== Aim of the exercise ==
Return exactly the lines from the start of the records below through the line containing "Provide a short and direct response. 0.83.", both ends included, and leave out the pictures.

== Records to process ==
>>

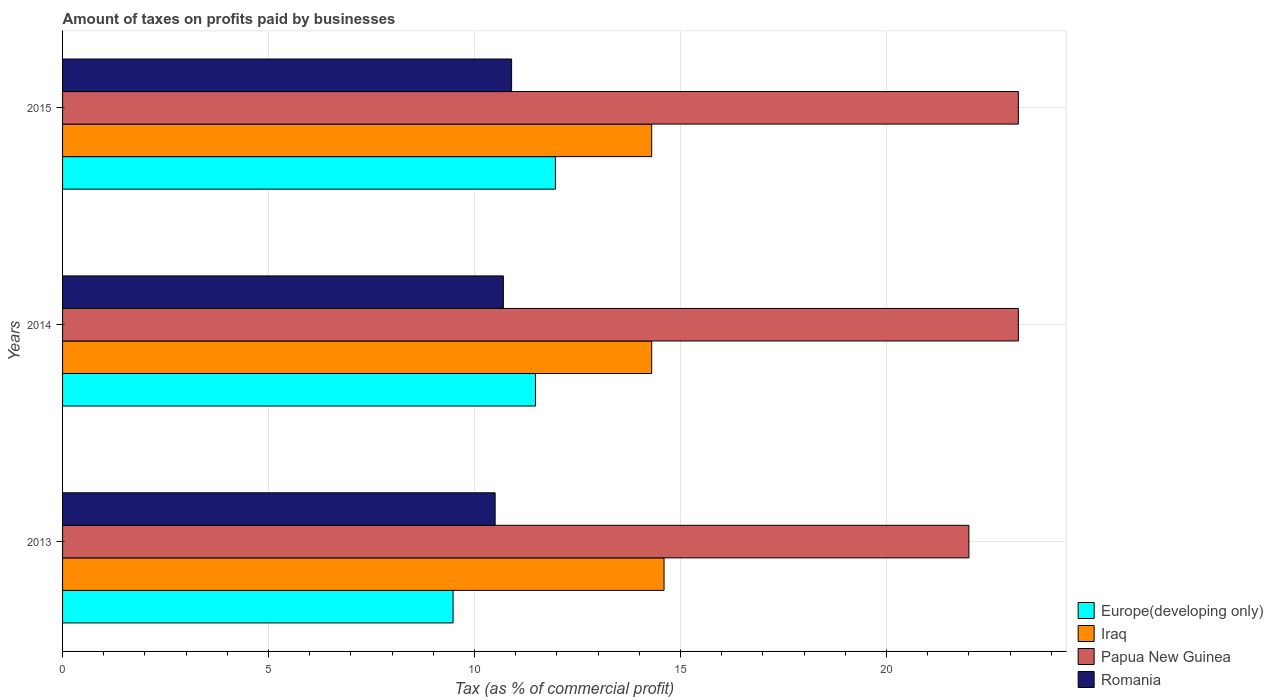How many different coloured bars are there?
Provide a short and direct response. 4. How many bars are there on the 3rd tick from the top?
Keep it short and to the point. 4. How many bars are there on the 2nd tick from the bottom?
Your answer should be compact. 4. What is the label of the 3rd group of bars from the top?
Your answer should be compact. 2013. In how many cases, is the number of bars for a given year not equal to the number of legend labels?
Offer a terse response. 0. Across all years, what is the maximum percentage of taxes paid by businesses in Papua New Guinea?
Offer a terse response. 23.2. In which year was the percentage of taxes paid by businesses in Romania maximum?
Offer a terse response. 2015. In which year was the percentage of taxes paid by businesses in Europe(developing only) minimum?
Give a very brief answer. 2013. What is the total percentage of taxes paid by businesses in Papua New Guinea in the graph?
Make the answer very short. 68.4. What is the difference between the percentage of taxes paid by businesses in Iraq in 2013 and that in 2014?
Offer a very short reply. 0.3. What is the difference between the percentage of taxes paid by businesses in Europe(developing only) in 2013 and the percentage of taxes paid by businesses in Iraq in 2015?
Provide a short and direct response. -4.82. In the year 2014, what is the difference between the percentage of taxes paid by businesses in Romania and percentage of taxes paid by businesses in Europe(developing only)?
Offer a very short reply. -0.78. In how many years, is the percentage of taxes paid by businesses in Papua New Guinea greater than 23 %?
Provide a succinct answer. 2. What is the ratio of the percentage of taxes paid by businesses in Europe(developing only) in 2013 to that in 2014?
Provide a short and direct response. 0.83. What is the difference between the highest and the second highest percentage of taxes paid by businesses in Romania?
Your answer should be very brief. 0.2. What is the difference between the highest and the lowest percentage of taxes paid by businesses in Europe(developing only)?
Provide a short and direct response. 2.48. In how many years, is the percentage of taxes paid by businesses in Romania greater than the average percentage of taxes paid by businesses in Romania taken over all years?
Offer a terse response. 1. Is it the case that in every year, the sum of the percentage of taxes paid by businesses in Papua New Guinea and percentage of taxes paid by businesses in Romania is greater than the sum of percentage of taxes paid by businesses in Iraq and percentage of taxes paid by businesses in Europe(developing only)?
Ensure brevity in your answer.  Yes. What does the 4th bar from the top in 2013 represents?
Give a very brief answer. Europe(developing only). What does the 1st bar from the bottom in 2014 represents?
Offer a terse response. Europe(developing only). Are all the bars in the graph horizontal?
Provide a short and direct response. Yes. How many years are there in the graph?
Keep it short and to the point. 3. Does the graph contain grids?
Make the answer very short. Yes. How many legend labels are there?
Offer a very short reply. 4. What is the title of the graph?
Ensure brevity in your answer.  Amount of taxes on profits paid by businesses. What is the label or title of the X-axis?
Provide a short and direct response. Tax (as % of commercial profit). What is the Tax (as % of commercial profit) of Europe(developing only) in 2013?
Give a very brief answer. 9.48. What is the Tax (as % of commercial profit) of Romania in 2013?
Provide a short and direct response. 10.5. What is the Tax (as % of commercial profit) of Europe(developing only) in 2014?
Make the answer very short. 11.48. What is the Tax (as % of commercial profit) of Iraq in 2014?
Give a very brief answer. 14.3. What is the Tax (as % of commercial profit) in Papua New Guinea in 2014?
Offer a very short reply. 23.2. What is the Tax (as % of commercial profit) of Europe(developing only) in 2015?
Provide a succinct answer. 11.96. What is the Tax (as % of commercial profit) in Papua New Guinea in 2015?
Offer a terse response. 23.2. What is the Tax (as % of commercial profit) of Romania in 2015?
Provide a succinct answer. 10.9. Across all years, what is the maximum Tax (as % of commercial profit) in Europe(developing only)?
Provide a short and direct response. 11.96. Across all years, what is the maximum Tax (as % of commercial profit) of Papua New Guinea?
Provide a short and direct response. 23.2. Across all years, what is the minimum Tax (as % of commercial profit) of Europe(developing only)?
Offer a terse response. 9.48. Across all years, what is the minimum Tax (as % of commercial profit) in Romania?
Your response must be concise. 10.5. What is the total Tax (as % of commercial profit) of Europe(developing only) in the graph?
Offer a very short reply. 32.92. What is the total Tax (as % of commercial profit) of Iraq in the graph?
Keep it short and to the point. 43.2. What is the total Tax (as % of commercial profit) of Papua New Guinea in the graph?
Your answer should be compact. 68.4. What is the total Tax (as % of commercial profit) in Romania in the graph?
Keep it short and to the point. 32.1. What is the difference between the Tax (as % of commercial profit) in Europe(developing only) in 2013 and that in 2014?
Give a very brief answer. -2. What is the difference between the Tax (as % of commercial profit) in Iraq in 2013 and that in 2014?
Ensure brevity in your answer.  0.3. What is the difference between the Tax (as % of commercial profit) in Papua New Guinea in 2013 and that in 2014?
Ensure brevity in your answer.  -1.2. What is the difference between the Tax (as % of commercial profit) in Romania in 2013 and that in 2014?
Provide a short and direct response. -0.2. What is the difference between the Tax (as % of commercial profit) in Europe(developing only) in 2013 and that in 2015?
Ensure brevity in your answer.  -2.48. What is the difference between the Tax (as % of commercial profit) in Iraq in 2013 and that in 2015?
Give a very brief answer. 0.3. What is the difference between the Tax (as % of commercial profit) in Papua New Guinea in 2013 and that in 2015?
Offer a terse response. -1.2. What is the difference between the Tax (as % of commercial profit) in Europe(developing only) in 2014 and that in 2015?
Offer a terse response. -0.48. What is the difference between the Tax (as % of commercial profit) of Papua New Guinea in 2014 and that in 2015?
Your answer should be very brief. 0. What is the difference between the Tax (as % of commercial profit) in Europe(developing only) in 2013 and the Tax (as % of commercial profit) in Iraq in 2014?
Your answer should be very brief. -4.82. What is the difference between the Tax (as % of commercial profit) of Europe(developing only) in 2013 and the Tax (as % of commercial profit) of Papua New Guinea in 2014?
Provide a succinct answer. -13.72. What is the difference between the Tax (as % of commercial profit) in Europe(developing only) in 2013 and the Tax (as % of commercial profit) in Romania in 2014?
Give a very brief answer. -1.22. What is the difference between the Tax (as % of commercial profit) of Papua New Guinea in 2013 and the Tax (as % of commercial profit) of Romania in 2014?
Offer a terse response. 11.3. What is the difference between the Tax (as % of commercial profit) of Europe(developing only) in 2013 and the Tax (as % of commercial profit) of Iraq in 2015?
Keep it short and to the point. -4.82. What is the difference between the Tax (as % of commercial profit) in Europe(developing only) in 2013 and the Tax (as % of commercial profit) in Papua New Guinea in 2015?
Keep it short and to the point. -13.72. What is the difference between the Tax (as % of commercial profit) of Europe(developing only) in 2013 and the Tax (as % of commercial profit) of Romania in 2015?
Your response must be concise. -1.42. What is the difference between the Tax (as % of commercial profit) of Iraq in 2013 and the Tax (as % of commercial profit) of Romania in 2015?
Provide a short and direct response. 3.7. What is the difference between the Tax (as % of commercial profit) in Papua New Guinea in 2013 and the Tax (as % of commercial profit) in Romania in 2015?
Give a very brief answer. 11.1. What is the difference between the Tax (as % of commercial profit) in Europe(developing only) in 2014 and the Tax (as % of commercial profit) in Iraq in 2015?
Make the answer very short. -2.82. What is the difference between the Tax (as % of commercial profit) of Europe(developing only) in 2014 and the Tax (as % of commercial profit) of Papua New Guinea in 2015?
Make the answer very short. -11.72. What is the difference between the Tax (as % of commercial profit) in Europe(developing only) in 2014 and the Tax (as % of commercial profit) in Romania in 2015?
Provide a short and direct response. 0.58. What is the difference between the Tax (as % of commercial profit) of Iraq in 2014 and the Tax (as % of commercial profit) of Papua New Guinea in 2015?
Give a very brief answer. -8.9. What is the difference between the Tax (as % of commercial profit) of Iraq in 2014 and the Tax (as % of commercial profit) of Romania in 2015?
Give a very brief answer. 3.4. What is the difference between the Tax (as % of commercial profit) of Papua New Guinea in 2014 and the Tax (as % of commercial profit) of Romania in 2015?
Your response must be concise. 12.3. What is the average Tax (as % of commercial profit) in Europe(developing only) per year?
Your answer should be very brief. 10.97. What is the average Tax (as % of commercial profit) in Iraq per year?
Provide a short and direct response. 14.4. What is the average Tax (as % of commercial profit) in Papua New Guinea per year?
Offer a terse response. 22.8. In the year 2013, what is the difference between the Tax (as % of commercial profit) of Europe(developing only) and Tax (as % of commercial profit) of Iraq?
Keep it short and to the point. -5.12. In the year 2013, what is the difference between the Tax (as % of commercial profit) in Europe(developing only) and Tax (as % of commercial profit) in Papua New Guinea?
Your answer should be compact. -12.52. In the year 2013, what is the difference between the Tax (as % of commercial profit) in Europe(developing only) and Tax (as % of commercial profit) in Romania?
Offer a very short reply. -1.02. In the year 2013, what is the difference between the Tax (as % of commercial profit) of Papua New Guinea and Tax (as % of commercial profit) of Romania?
Your response must be concise. 11.5. In the year 2014, what is the difference between the Tax (as % of commercial profit) of Europe(developing only) and Tax (as % of commercial profit) of Iraq?
Make the answer very short. -2.82. In the year 2014, what is the difference between the Tax (as % of commercial profit) in Europe(developing only) and Tax (as % of commercial profit) in Papua New Guinea?
Your answer should be compact. -11.72. In the year 2014, what is the difference between the Tax (as % of commercial profit) in Europe(developing only) and Tax (as % of commercial profit) in Romania?
Your answer should be very brief. 0.78. In the year 2014, what is the difference between the Tax (as % of commercial profit) of Iraq and Tax (as % of commercial profit) of Romania?
Keep it short and to the point. 3.6. In the year 2015, what is the difference between the Tax (as % of commercial profit) in Europe(developing only) and Tax (as % of commercial profit) in Iraq?
Give a very brief answer. -2.34. In the year 2015, what is the difference between the Tax (as % of commercial profit) of Europe(developing only) and Tax (as % of commercial profit) of Papua New Guinea?
Offer a terse response. -11.24. In the year 2015, what is the difference between the Tax (as % of commercial profit) in Europe(developing only) and Tax (as % of commercial profit) in Romania?
Give a very brief answer. 1.06. In the year 2015, what is the difference between the Tax (as % of commercial profit) of Iraq and Tax (as % of commercial profit) of Romania?
Provide a succinct answer. 3.4. In the year 2015, what is the difference between the Tax (as % of commercial profit) in Papua New Guinea and Tax (as % of commercial profit) in Romania?
Provide a succinct answer. 12.3. What is the ratio of the Tax (as % of commercial profit) in Europe(developing only) in 2013 to that in 2014?
Your answer should be very brief. 0.83. What is the ratio of the Tax (as % of commercial profit) in Papua New Guinea in 2013 to that in 2014?
Your answer should be compact. 0.95. What is the ratio of the Tax (as % of commercial profit) in Romania in 2013 to that in 2014?
Your answer should be very brief. 0.98. What is the ratio of the Tax (as % of commercial profit) in Europe(developing only) in 2013 to that in 2015?
Ensure brevity in your answer.  0.79. What is the ratio of the Tax (as % of commercial profit) in Papua New Guinea in 2013 to that in 2015?
Make the answer very short. 0.95. What is the ratio of the Tax (as % of commercial profit) in Romania in 2013 to that in 2015?
Your answer should be very brief. 0.96. What is the ratio of the Tax (as % of commercial profit) in Europe(developing only) in 2014 to that in 2015?
Ensure brevity in your answer.  0.96. What is the ratio of the Tax (as % of commercial profit) of Romania in 2014 to that in 2015?
Provide a succinct answer. 0.98. What is the difference between the highest and the second highest Tax (as % of commercial profit) of Europe(developing only)?
Your response must be concise. 0.48. What is the difference between the highest and the second highest Tax (as % of commercial profit) of Papua New Guinea?
Provide a short and direct response. 0. What is the difference between the highest and the second highest Tax (as % of commercial profit) of Romania?
Provide a succinct answer. 0.2. What is the difference between the highest and the lowest Tax (as % of commercial profit) of Europe(developing only)?
Your answer should be very brief. 2.48. What is the difference between the highest and the lowest Tax (as % of commercial profit) of Romania?
Your answer should be very brief. 0.4.

<<

== Exercise result ==
How many different coloured bars are there?
Provide a short and direct response. 4. How many bars are there on the 3rd tick from the top?
Keep it short and to the point. 4. How many bars are there on the 2nd tick from the bottom?
Your answer should be compact. 4. What is the label of the 3rd group of bars from the top?
Your answer should be compact. 2013. In how many cases, is the number of bars for a given year not equal to the number of legend labels?
Offer a terse response. 0. Across all years, what is the maximum percentage of taxes paid by businesses in Papua New Guinea?
Offer a terse response. 23.2. In which year was the percentage of taxes paid by businesses in Romania maximum?
Offer a terse response. 2015. In which year was the percentage of taxes paid by businesses in Europe(developing only) minimum?
Give a very brief answer. 2013. What is the total percentage of taxes paid by businesses in Papua New Guinea in the graph?
Make the answer very short. 68.4. What is the difference between the percentage of taxes paid by businesses in Iraq in 2013 and that in 2014?
Offer a very short reply. 0.3. What is the difference between the percentage of taxes paid by businesses in Europe(developing only) in 2013 and the percentage of taxes paid by businesses in Iraq in 2015?
Provide a short and direct response. -4.82. In the year 2014, what is the difference between the percentage of taxes paid by businesses in Romania and percentage of taxes paid by businesses in Europe(developing only)?
Offer a very short reply. -0.78. In how many years, is the percentage of taxes paid by businesses in Papua New Guinea greater than 23 %?
Provide a succinct answer. 2. What is the ratio of the percentage of taxes paid by businesses in Europe(developing only) in 2013 to that in 2014?
Provide a short and direct response. 0.83. What is the difference between the highest and the second highest percentage of taxes paid by businesses in Romania?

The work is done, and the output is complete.